Её вопрос остался без ответа. Евгений, будто впервые, пристально глянул на рассыпавшиеся по плечам кудри супруги, прячущие нескончаемую грусть чёрные глаза, не потерявший гибкость тонкий стан. Затем, похлопав по карманам пижамы, нашёл сигареты, спички, подошёл ближе к окну и закурил. Долго смотрел на тлеющий кончик, будто интереснее занятия в этот миг не существовало. Не оборачиваясь к жене, проронил:
— Может, закуришь? Говорят: пускай горит сигарета, чем душа.
— Брось шутить, Женя! — Светлана обняла сильные руки мужа. Но Евгений, крепко, до боли сжав её плечи, отстранил от себя.
— Ты думаешь, я ничего не чувствую? Нам не по восемнадцать лет, чтобы играть в кошки-мышки… Ты изменилась, Света… В последнее время сильно изменилась.
«Господи, только не сейчас! Не время, не готова, не могу… Потерпи, Женечка, дай привести мысли в порядок».

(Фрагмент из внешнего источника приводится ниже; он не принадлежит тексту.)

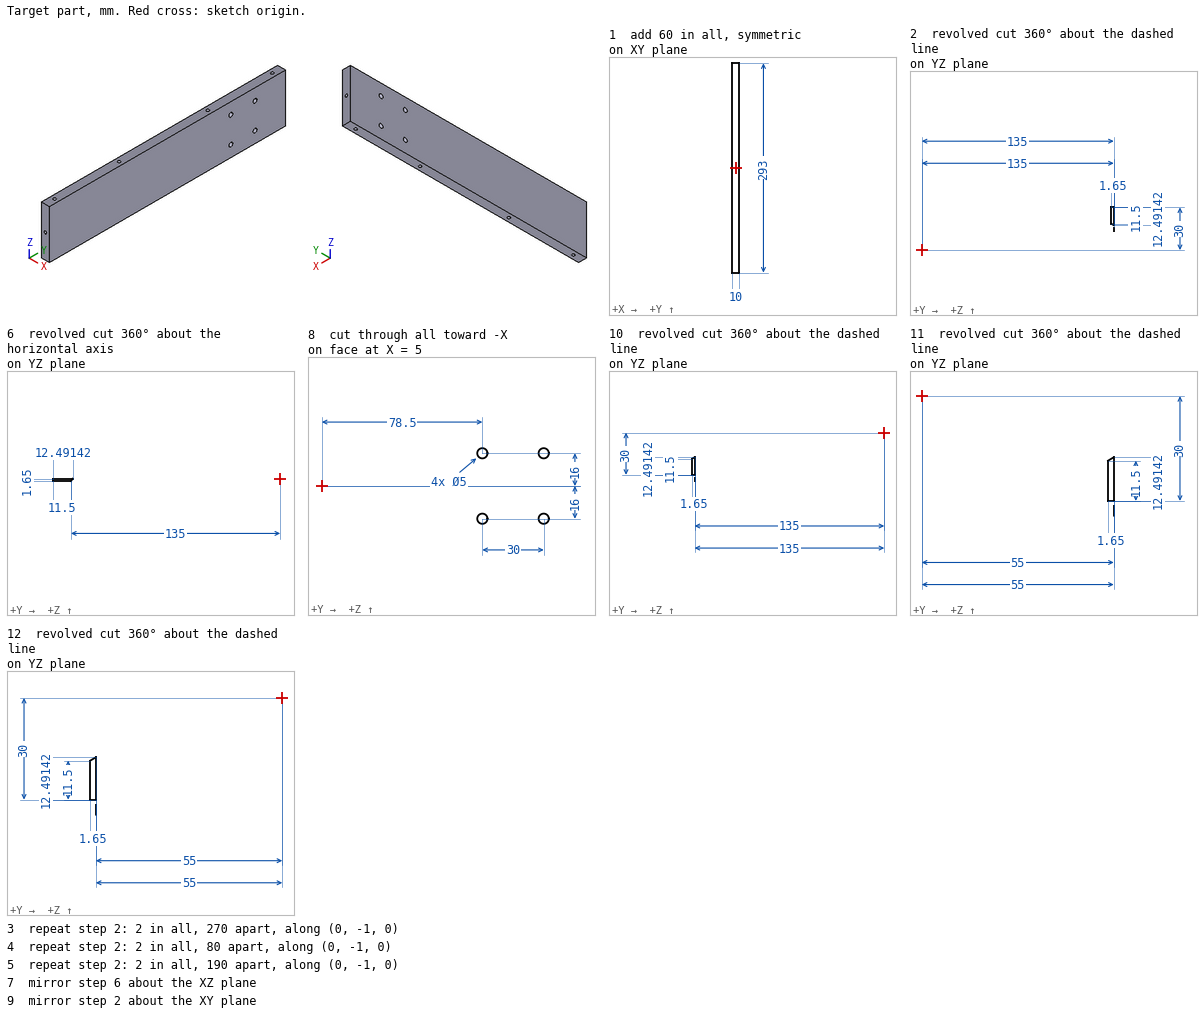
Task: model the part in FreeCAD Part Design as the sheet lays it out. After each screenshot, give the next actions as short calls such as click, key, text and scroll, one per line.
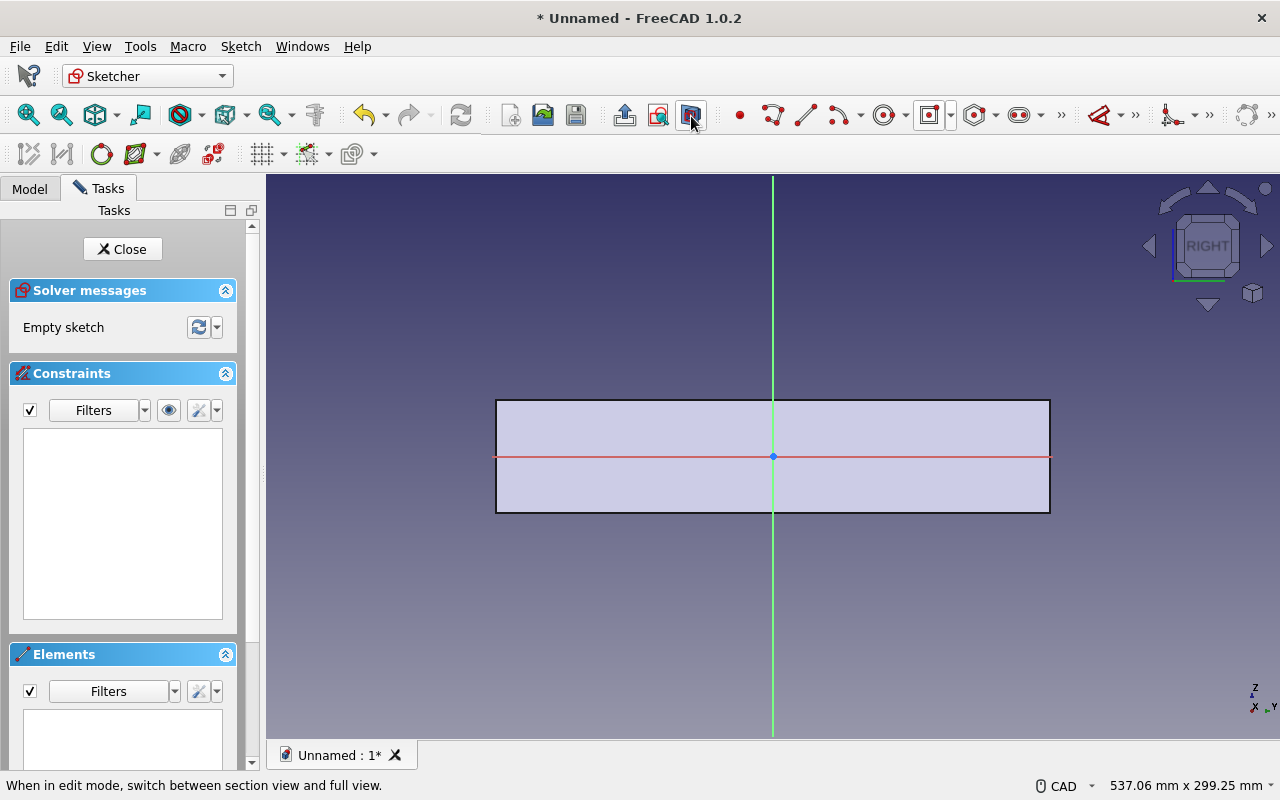
scroll(1058, 412, up, 12)

Будто прочитав её мысли, Евгений холодно глянул на супругу:
— Не хочешь сейчас отвечать? Когда? Завтра, послезавтра… Поговорим ещё, да? А вот мне хочется поговорить сегодня, сейчас, чёрт возьми! — мужчина потряс воздух кулаками.
Затем внезапно тихим голосом сказал:
— Пошли спать!
Тяжёло шагая, сгорбившись, направился в сторону спальни. В этот миг Светлане захотелось броситься в его объятия и расплакаться как ребёнок. Если бы муж обернулся, она так бы и сделала. Но Евгений не обернулся.
А нарушило душевное спокойствие женщины маленькое коротенькое письмо. Когда Светлана вскрыла конверт и только прочитала первые фразы, кончики пальцев обожгло, будто сунула их в огонь. Письмо упало на пол. Короткое слово горело в центре листка, вырванного из школьной тетради. Чувство стыда, горечи, обиды душило горло, не давая нормально дышать. Но всё же она наклонилась, нервно скомкала письмо, бросила в угол комнаты и без сил упала на диван.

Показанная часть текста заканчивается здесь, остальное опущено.